The Dutch experience is instructive here. After World War II, the Dutch government was concerned that the country would return to the economic depression of the 1930s. There were impassioned debates about the future of the Dutch economy. These debates resulted in the establishment of the Economic and Social Council (SER). Over time, the SER has become one of the most important sources of consultation for the government and parliament alike in constructing socio-economic policies. The Dutch experience has meant that there are independent experts in the Economic and Social Council, in addition to private sector institutions and the trade union. This independent council is funded by the private sector and receives 16 million euros annually.
The role of the Dutch Social and Economic Council has evolved since the 1950s. It now provides consultations on various topics such as macroeconomic structure, pension systems, and transportation and industry strategies. Mahathir is also proud of Malaysia’s experience in providing an unprecedented model of cooperation between the public and private sectors. He claims that no country in the world has surpassed Malaysia in this type of cooperation. However, various Western journalists have accused him of favouring the private sector over the public.
This is not a call to establish councils, bodies, and committees, but rather a call for more discussion and reflection that can generate mechanisms to deal with current circumstances and create effective private sector engagement. We have already established councils, but we are not fully satisfied with these and are seeking new ideas in light of the current changes. What is the appropriate mechanism? How mature are our civil institutions? Is it preferable to select members by self-nomination or by appointment? There are three main components in ensuring an integrated vision for the formulation of socio-economic policies. The first is the public sector, which should be responsible for setting policies. The second is the private sector, which should drive economic growth, and the third is made up of independent experts who can ensure impartiality and provide objective opinions. Such experts are called Crown Members in the Netherlands.

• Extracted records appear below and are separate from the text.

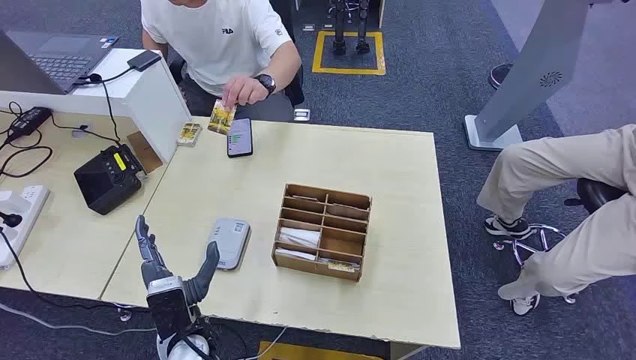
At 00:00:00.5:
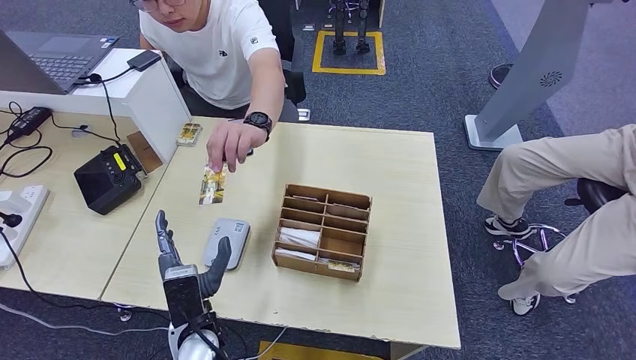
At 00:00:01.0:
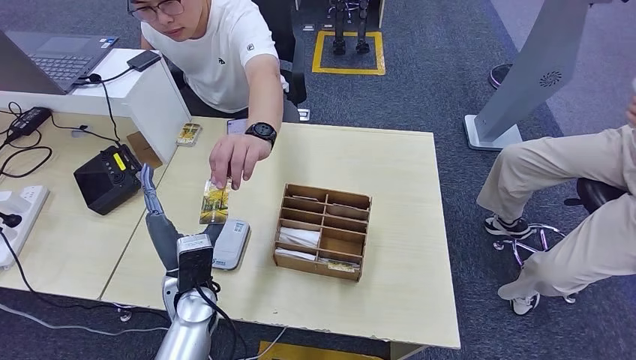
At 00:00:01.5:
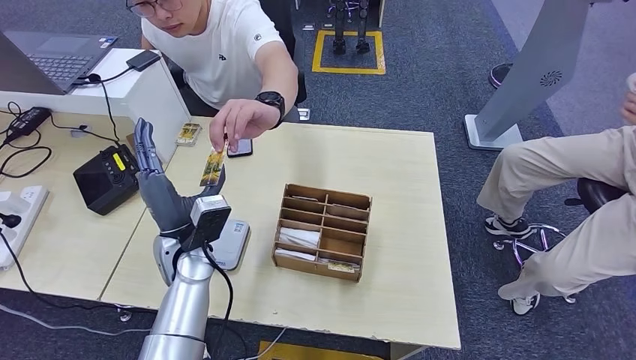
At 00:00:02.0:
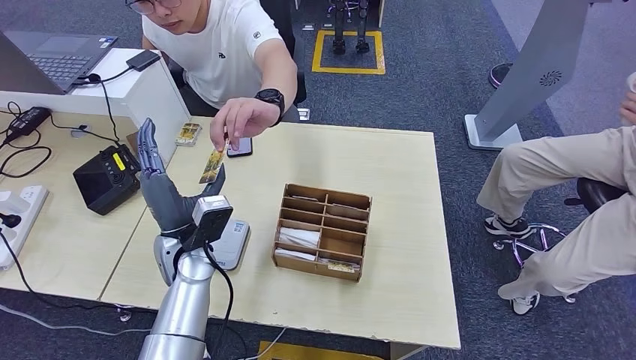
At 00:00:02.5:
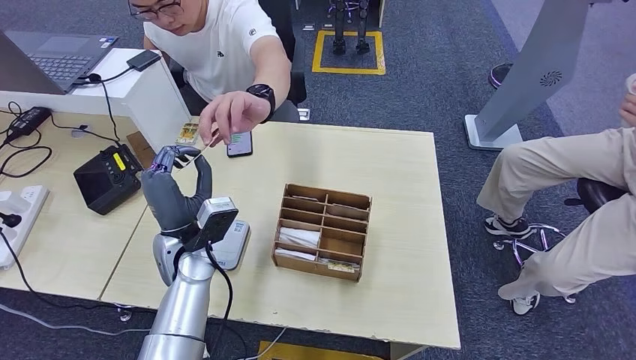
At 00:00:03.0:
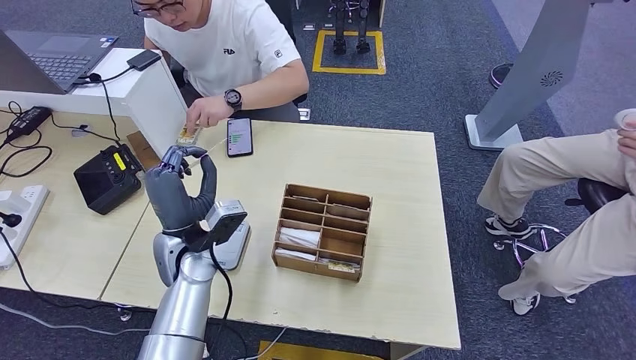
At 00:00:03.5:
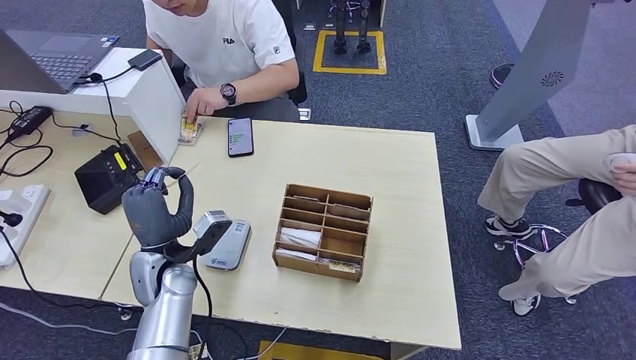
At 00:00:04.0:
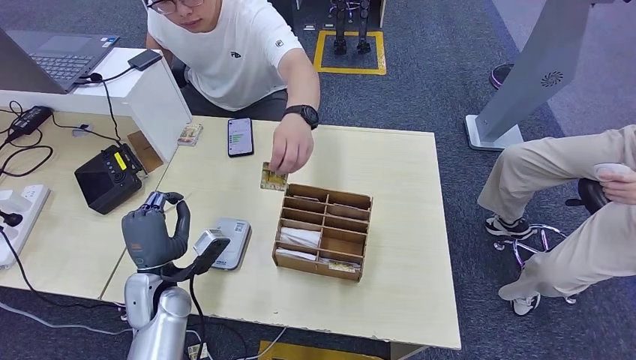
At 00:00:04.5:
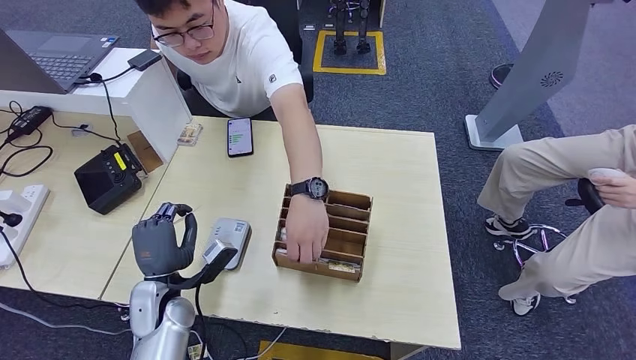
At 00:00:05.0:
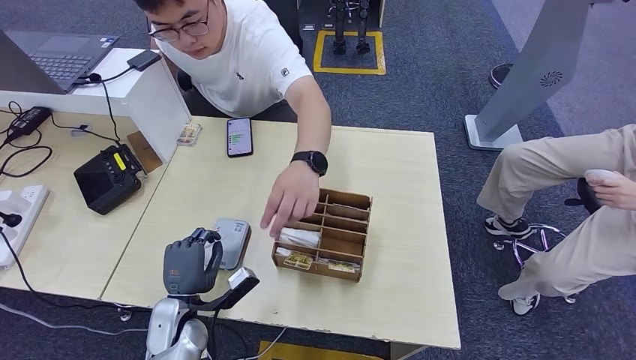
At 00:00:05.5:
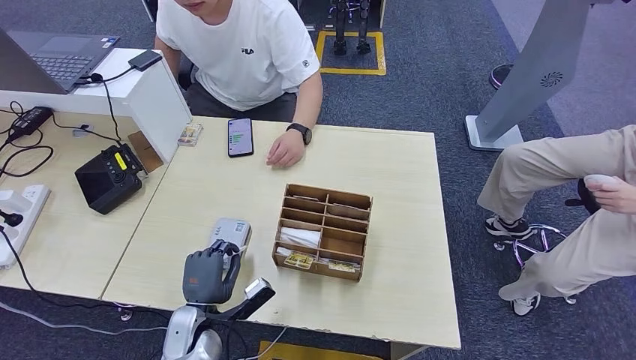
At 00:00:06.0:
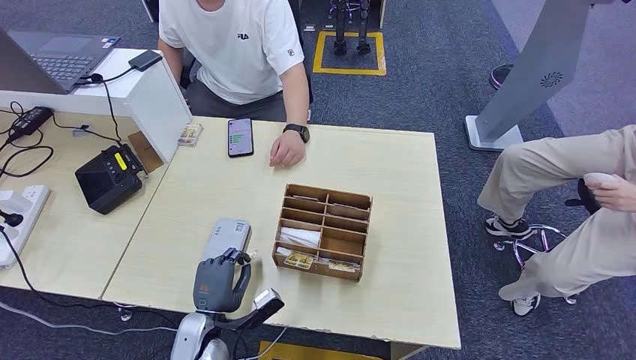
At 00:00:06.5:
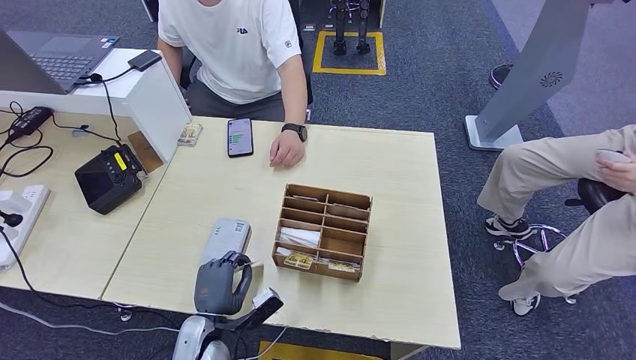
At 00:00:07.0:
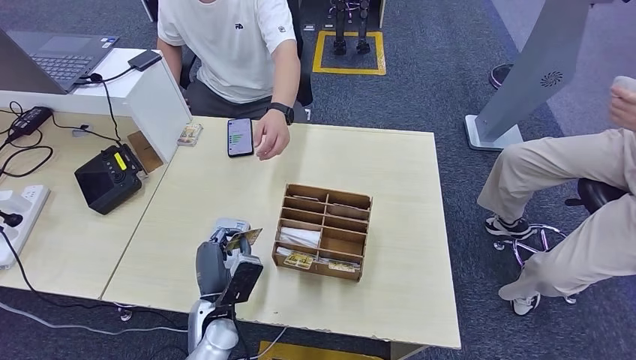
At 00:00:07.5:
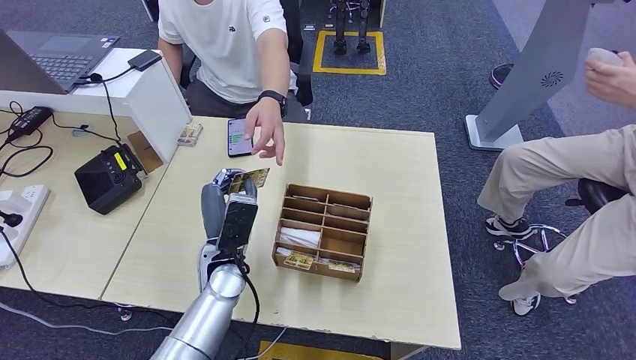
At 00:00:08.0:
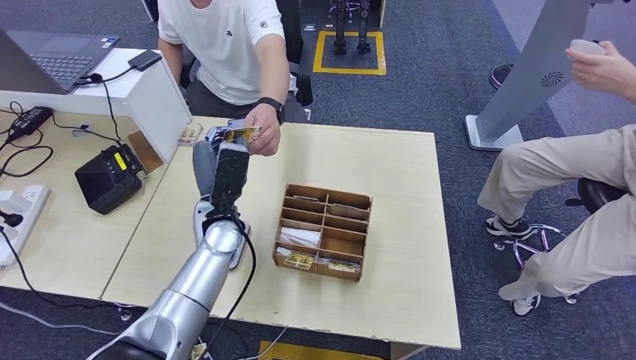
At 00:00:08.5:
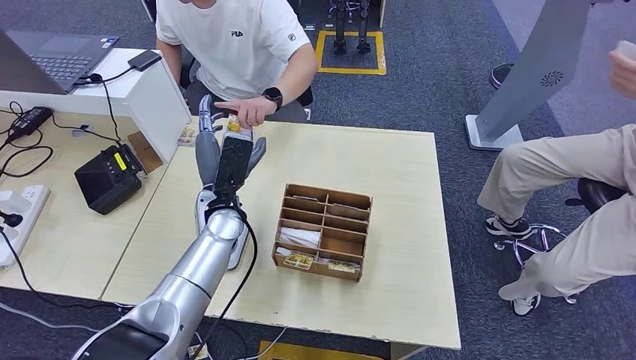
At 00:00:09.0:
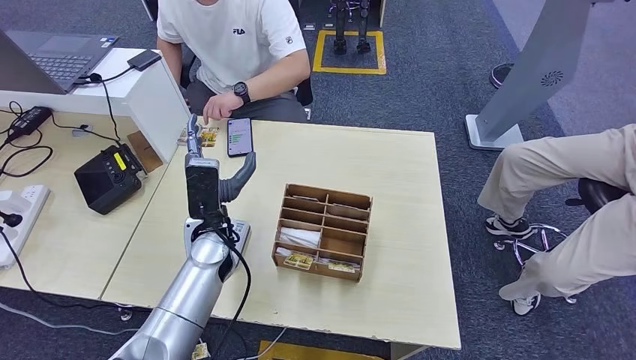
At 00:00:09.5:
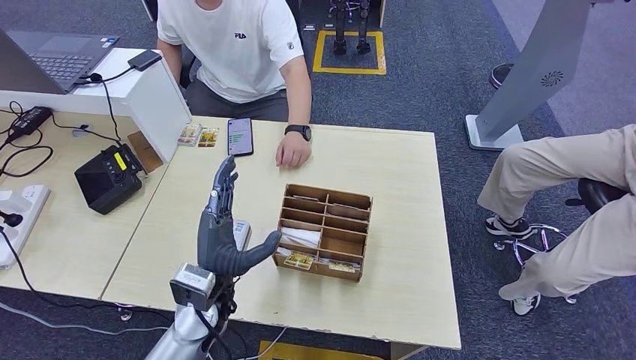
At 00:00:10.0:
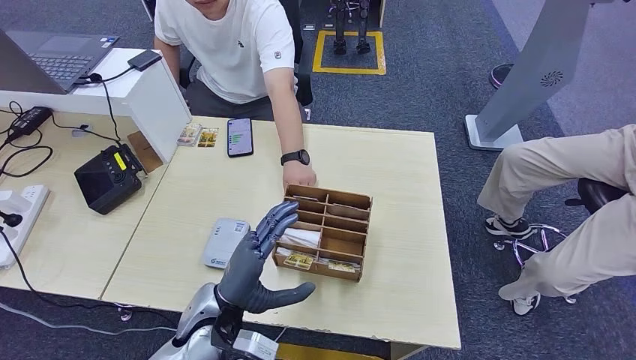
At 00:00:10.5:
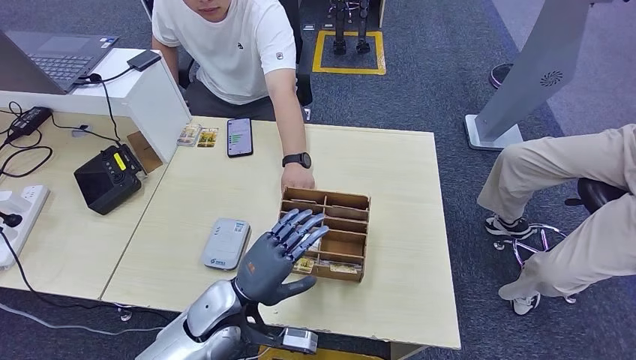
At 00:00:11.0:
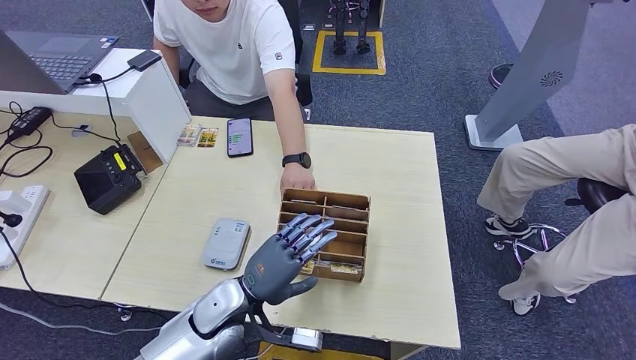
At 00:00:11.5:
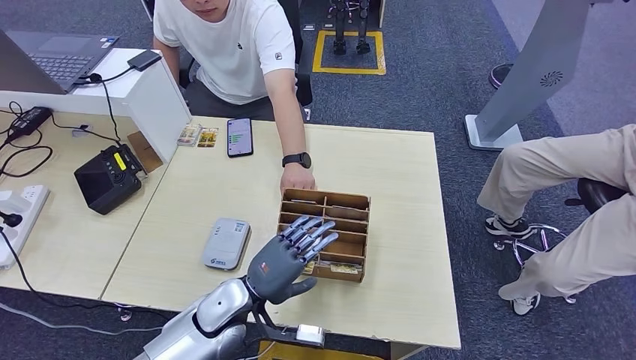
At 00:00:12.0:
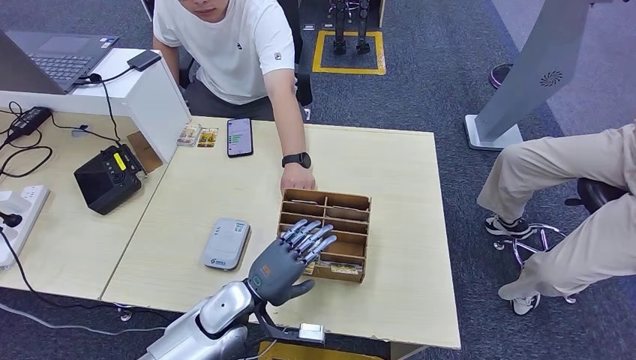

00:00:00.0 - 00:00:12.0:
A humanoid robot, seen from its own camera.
Step, 00:00:00.0 - 00:00:03.0: Take the ID card from the person's hand.
Step, 00:00:03.5 - 00:00:06.5: Place the ID card on the card reader.
Step, 00:00:07.0 - 00:00:08.5: Hand the ID card to the person.
00:00:02.0 - 00:00:04.0: The left hand shifts some 10 cm downward, to the left and backward.
00:00:04.0 - 00:00:06.0: The left hand travels downward, to the right and backward by roughly 10 cm.
00:00:06.0 - 00:00:08.0: The left hand goes roughly 25 cm upward and forward.
00:00:08.0 - 00:00:10.0: The left hand heads backward, covering some 15 cm.
00:00:10.0 - 00:00:12.0: The left hand moves downward, approximately 5 cm.

Countries can adopt these mechanisms to engage all stakeholders in the process of formulating the economic and social policies, despite having other specialised chambers of commerce and parliament. Building public policy requires rich experiences and a deep understanding of details. These can only be obtained by going to the field or by drawing upon the advice of experts and specialists. Both methods require management and strategic capabilities. Advisory institutions provide room for engagement, dialogue, and diversity of experiences, as well as fostering an ability to overcome challenges in the field.
We can also learn from our previous experience with the National Programme for Enhancing Economic Diversification, launched in 2016. This programme took an unprecedented step towards enhancing partnership between the public and private sectors. The discussion sessions between the two sectors, hosted by the Thinking Unit at the Diwan of Royal Court, were also helpful but unfortunately stopped. A first step to partnership would be reinstating similar opportunities for productive dialogue.